See also Minster Machine Co v Diamond Stamping Co, 72 Mich. App. 58; 248 N.W.2d 676 (1976).
In the case at bar the appellants faced potential liability on the principle that they are liable for all foreseeable consequences including that a doctor may act negligently in treating the plaintiff's original injury. Sobotta v Vogel, 37 Mich. App. 59; 194 N.W.2d 564 (1971). Thus if the appellee is found to have acted negligently, the appellants could be chargeable for damages accruing after the refracture.
In the original action the liability that the plaintiff seeks to impose upon Kentucky and National is based upon a passive or secondary theory of liability. With respect to Kentucky the theory of liability is respondeat superior. See Provencal v Parker, supra, at 438-439.
The theory of liability of National is less clear. The complaint merely alleges that National leased the automobile to Kentucky. However, in the third party complaint National pleads ownership of the automobile. This would give rise to liability by operation of law under the owner's liability statute, MCLA 257.401; MSA 9.2101, which likewise is merely a passive or secondary theory of negligence. Boucher v Thomsen, 328 Mich. 312, 316; 43 N.W.2d 866 (1950), Provencal v Parker, supra at 438.
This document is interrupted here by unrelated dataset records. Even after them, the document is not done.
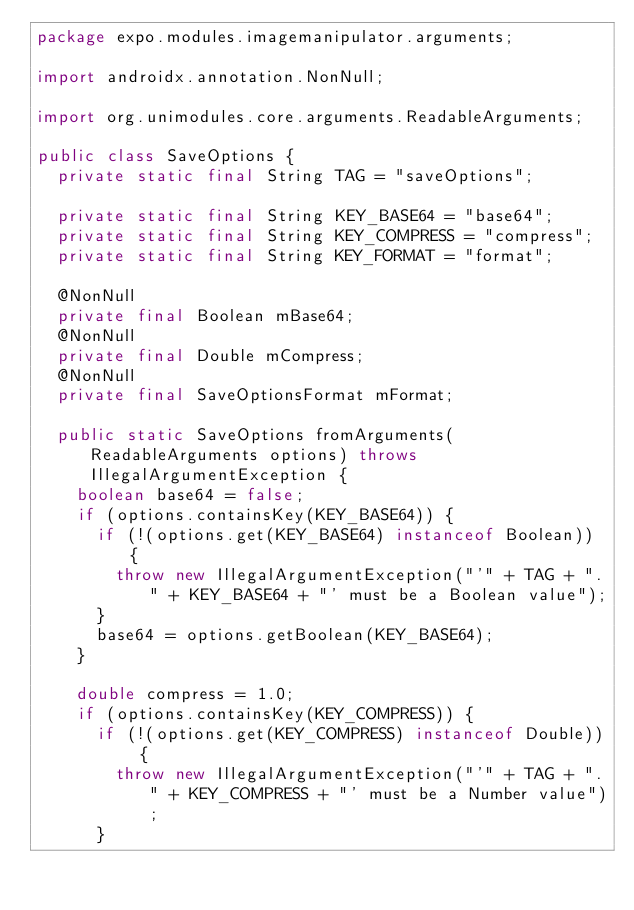Convert code to text. <code><loc_0><loc_0><loc_500><loc_500><_Java_>package expo.modules.imagemanipulator.arguments;

import androidx.annotation.NonNull;

import org.unimodules.core.arguments.ReadableArguments;

public class SaveOptions {
  private static final String TAG = "saveOptions";

  private static final String KEY_BASE64 = "base64";
  private static final String KEY_COMPRESS = "compress";
  private static final String KEY_FORMAT = "format";

  @NonNull
  private final Boolean mBase64;
  @NonNull
  private final Double mCompress;
  @NonNull
  private final SaveOptionsFormat mFormat;

  public static SaveOptions fromArguments(ReadableArguments options) throws IllegalArgumentException {
    boolean base64 = false;
    if (options.containsKey(KEY_BASE64)) {
      if (!(options.get(KEY_BASE64) instanceof Boolean)) {
        throw new IllegalArgumentException("'" + TAG + "." + KEY_BASE64 + "' must be a Boolean value");
      }
      base64 = options.getBoolean(KEY_BASE64);
    }

    double compress = 1.0;
    if (options.containsKey(KEY_COMPRESS)) {
      if (!(options.get(KEY_COMPRESS) instanceof Double)) {
        throw new IllegalArgumentException("'" + TAG + "." + KEY_COMPRESS + "' must be a Number value");
      }</code> 
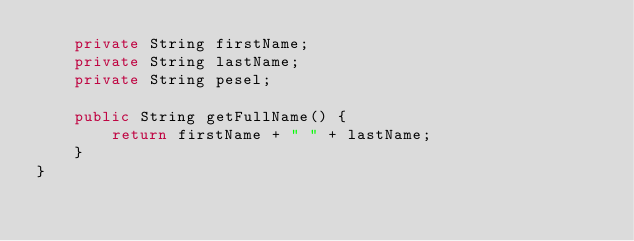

In considering motions for summary judgment under GCR 1963, 117.2(1), we accept all well-pled allegations contained in the pleadings as true. Bielski v Wolverine Insurance Co, 379 Mich. 280, 283; 150 N.W.2d 788 (1967). We must accept appellants' allegations that the appellee acted negligently. Since the original complaint only premises appellants' liability on passive or secondary theory of negligence, they would be entitled to indemnity from the appellee for damages apportionable to the refracture, if the appellee is found to have acted negligently.
In granting the motion for summary judgment, the trial judge stated that he felt the issues were "much too complicated for the jury to try". This exceeded the scope of a motion for summary judgment under GCR 1963, 117.2(1). The only question is whether the third party complaint stated a cause of action for indemnity. The court had already ruled on the third party impleader action, and had permitted it by an order dated April 17, 1974.
We need not discuss the applicability of contribution in view of our holding regarding possible damages under the theory of indemnity. See Gertz v Campbell, 55 Ill.2d 84; 302 N.E.2d 40 (1973). See also 18 Am Jur 2d, Contribution, § 39, p 57.
Reversed and remanded for proceedings consistent with this opinion. Costs to abide the outcome.